No pictures, nothing altered: return the data below.

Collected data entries
--- --- ---
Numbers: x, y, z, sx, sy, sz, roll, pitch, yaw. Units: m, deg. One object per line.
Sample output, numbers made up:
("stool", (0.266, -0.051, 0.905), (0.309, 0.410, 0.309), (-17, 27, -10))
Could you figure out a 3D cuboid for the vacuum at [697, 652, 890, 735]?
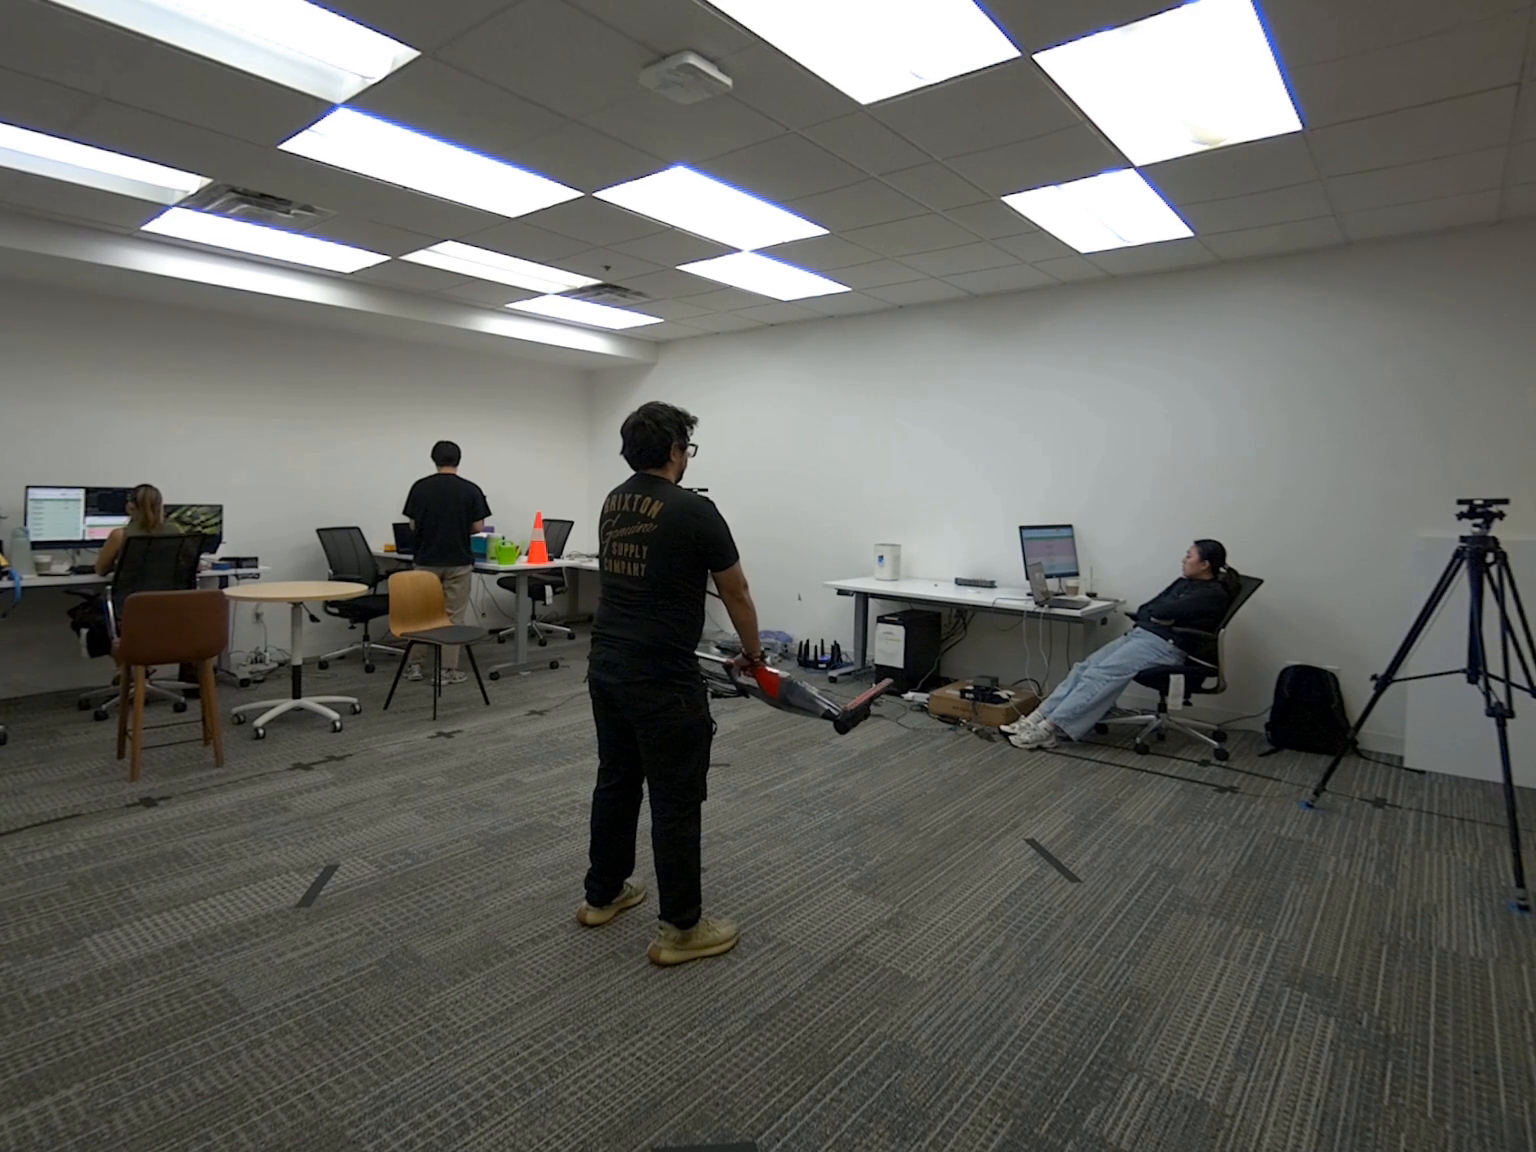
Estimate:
("vacuum", (-0.141, 0.330, 2.858), (1.087, 0.142, 0.248), (9, 22, 41))
--- --- ---
Output for this exercise
Numbers: x, y, z, sx, sy, sz, roll, pitch, yaw. Units: m, deg. One object per line.
Sample output, numbers made up:
("stool", (0.266, -0.051, 0.905), (0.309, 0.410, 0.309), (-17, 27, -10))
Could you figure out a 3D cuboid for the vacuum at [697, 652, 890, 735]?
Estimate:
("vacuum", (-0.141, 0.330, 2.858), (1.087, 0.142, 0.248), (9, 22, 41))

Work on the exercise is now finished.